* PROBLEM DETAILS *
Find the line below with "Where is the". Print it and every line after it exactly, through the last line, leaving out the pictures.
================================
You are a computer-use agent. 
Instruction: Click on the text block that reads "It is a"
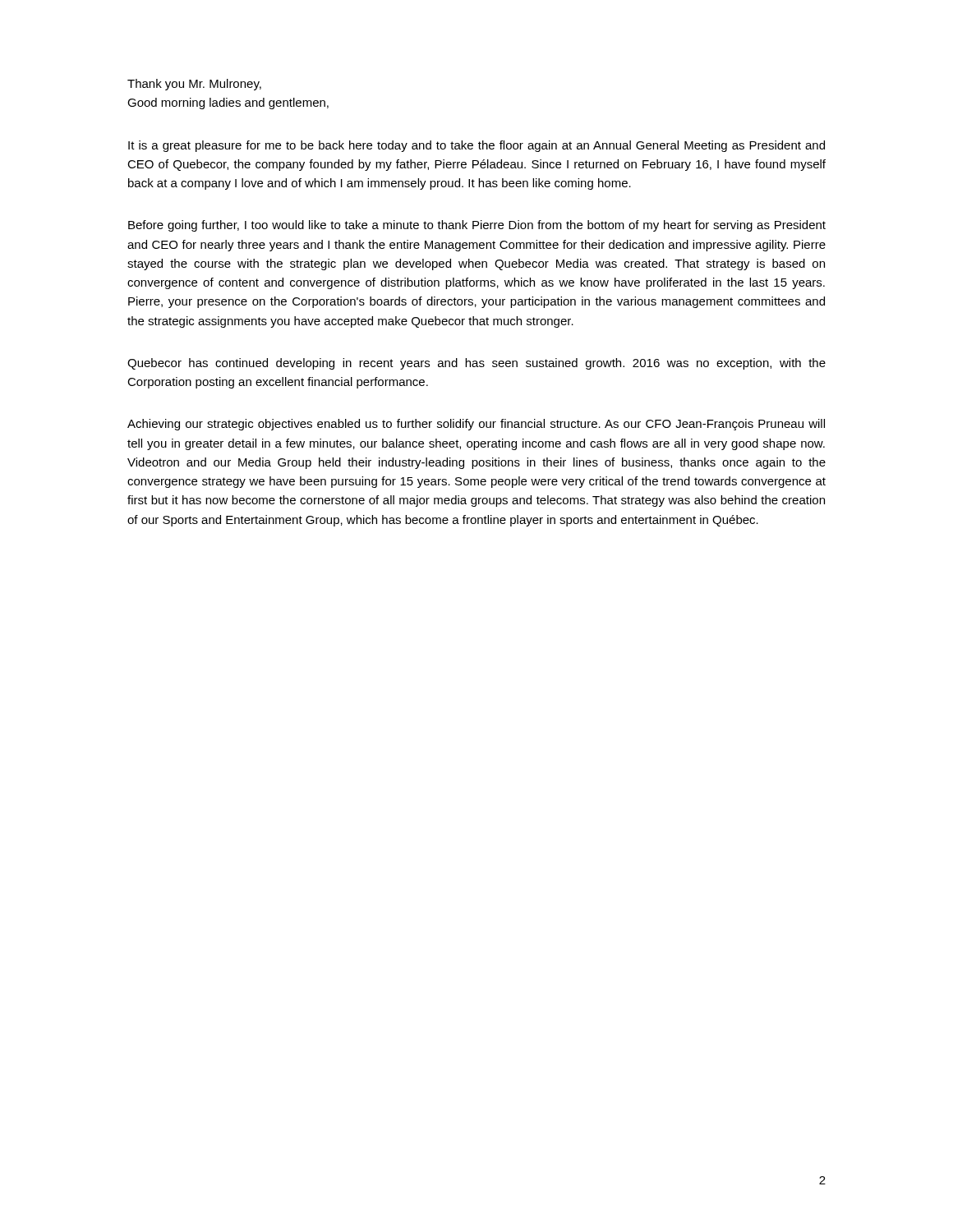476,164
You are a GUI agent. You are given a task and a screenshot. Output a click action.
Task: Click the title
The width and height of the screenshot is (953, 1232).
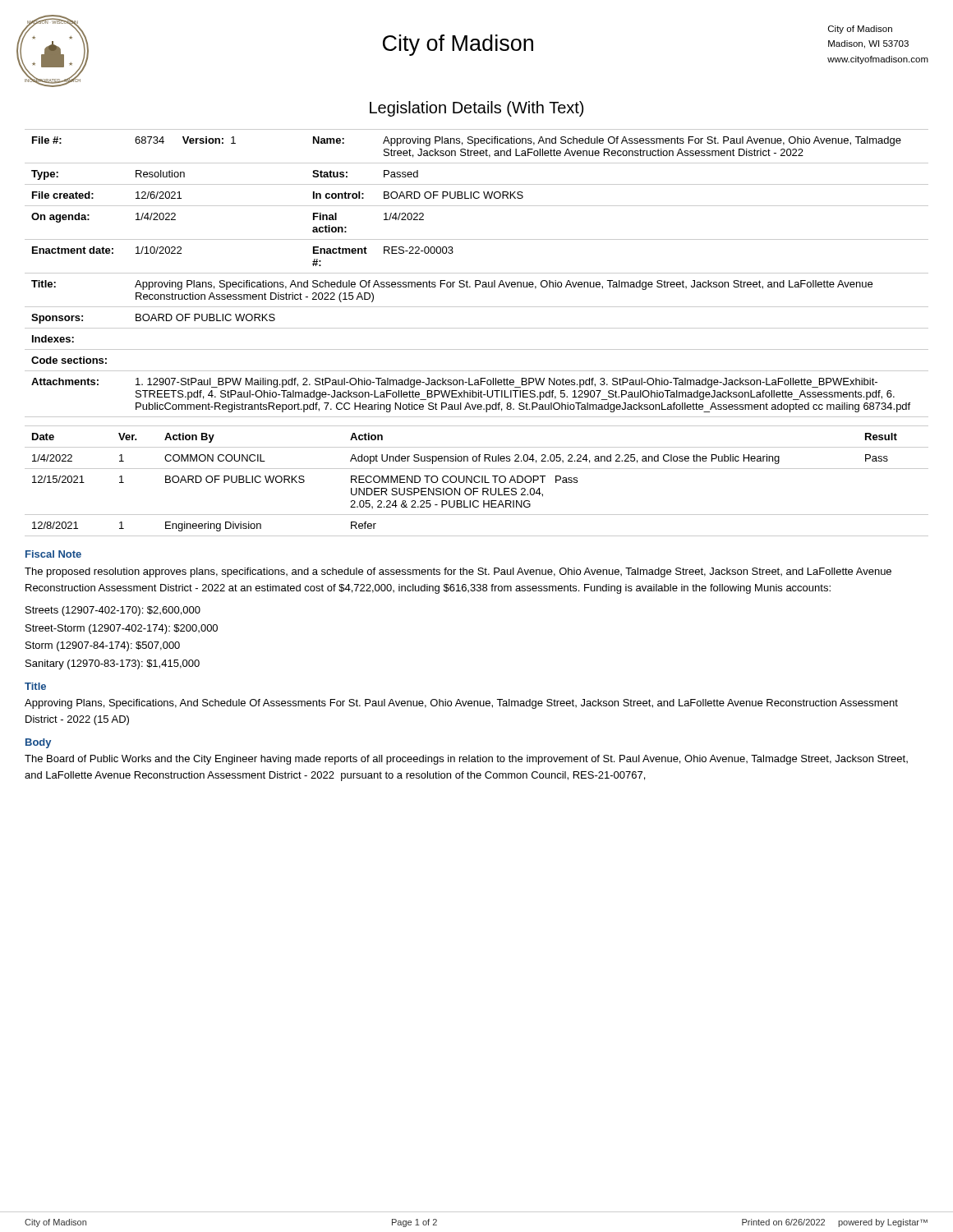tap(476, 108)
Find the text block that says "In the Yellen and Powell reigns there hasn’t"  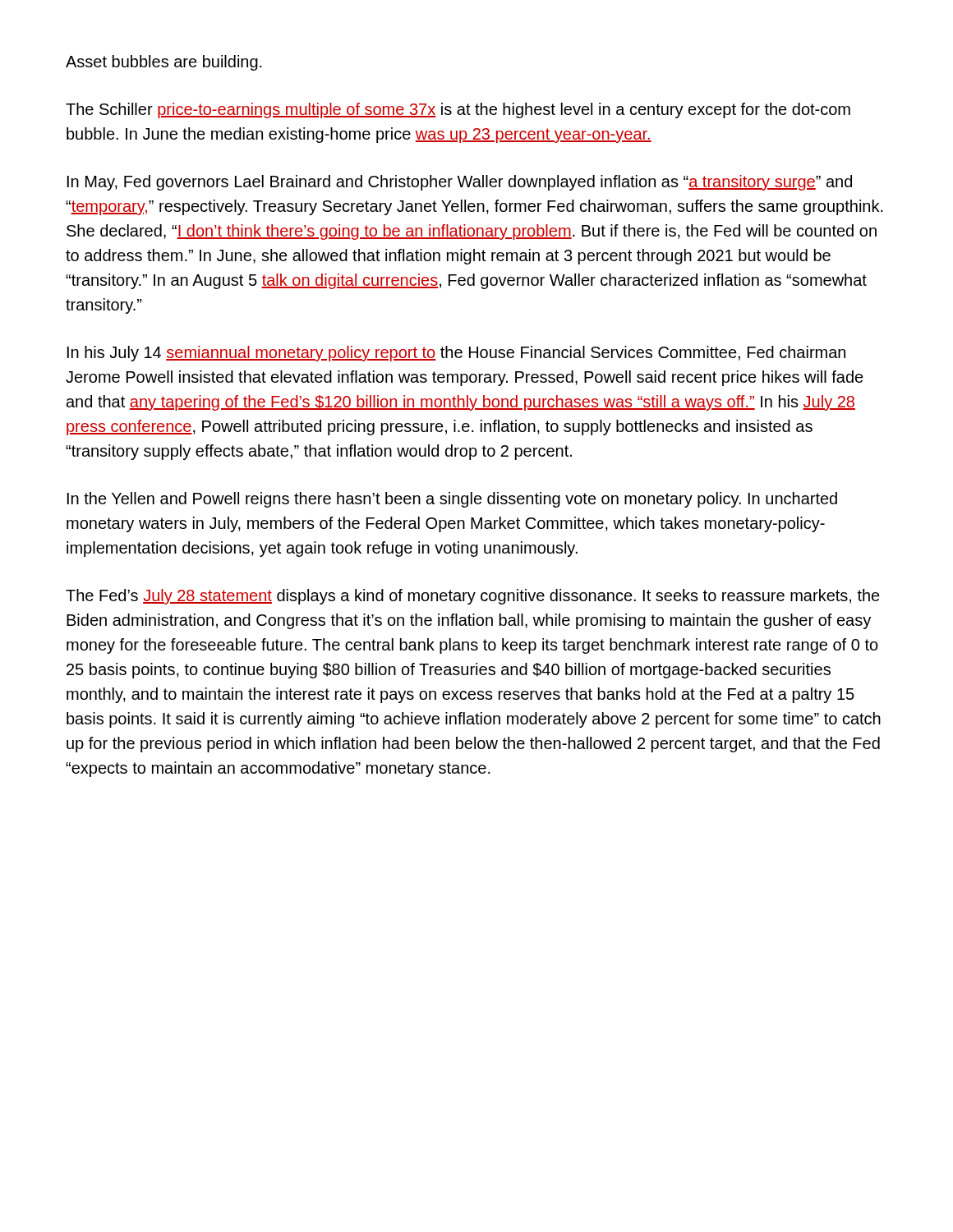[x=452, y=523]
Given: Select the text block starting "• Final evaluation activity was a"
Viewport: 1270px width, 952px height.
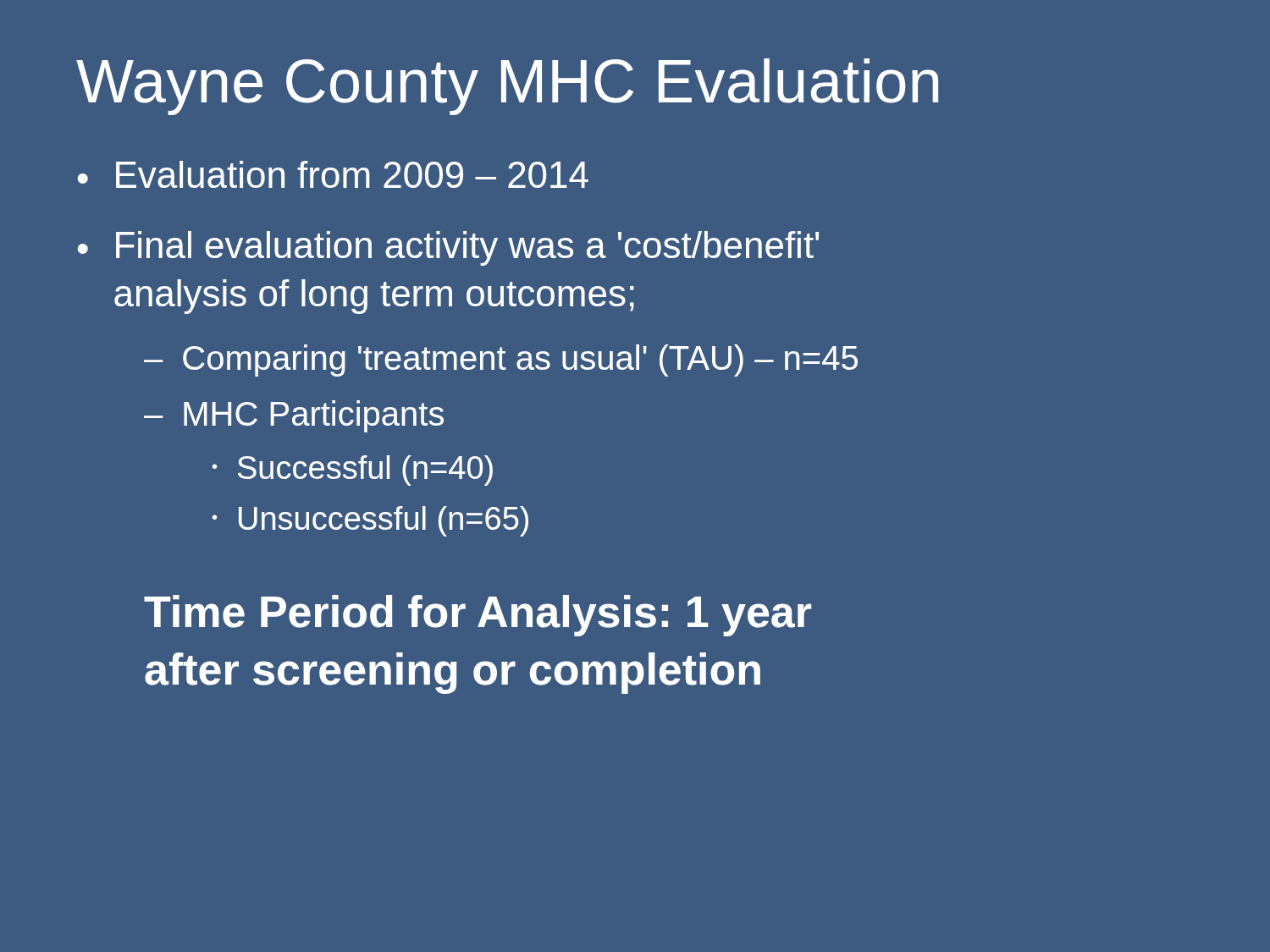Looking at the screenshot, I should tap(449, 269).

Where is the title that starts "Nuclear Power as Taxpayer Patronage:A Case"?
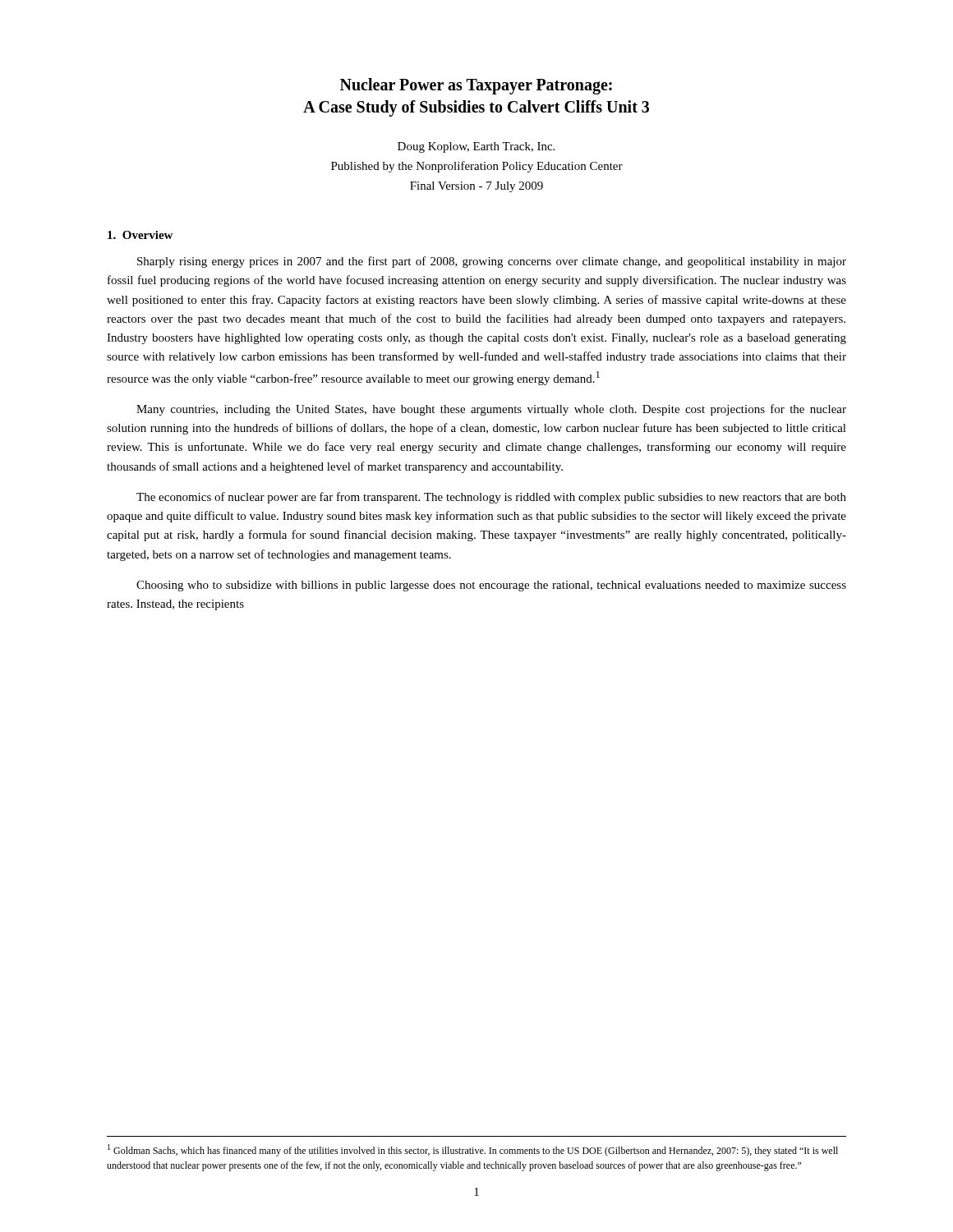click(476, 96)
================================
* ANSWER TO THIS TASK *
Where is the title that starts "Nuclear Power as Taxpayer Patronage:A Case"?
click(476, 96)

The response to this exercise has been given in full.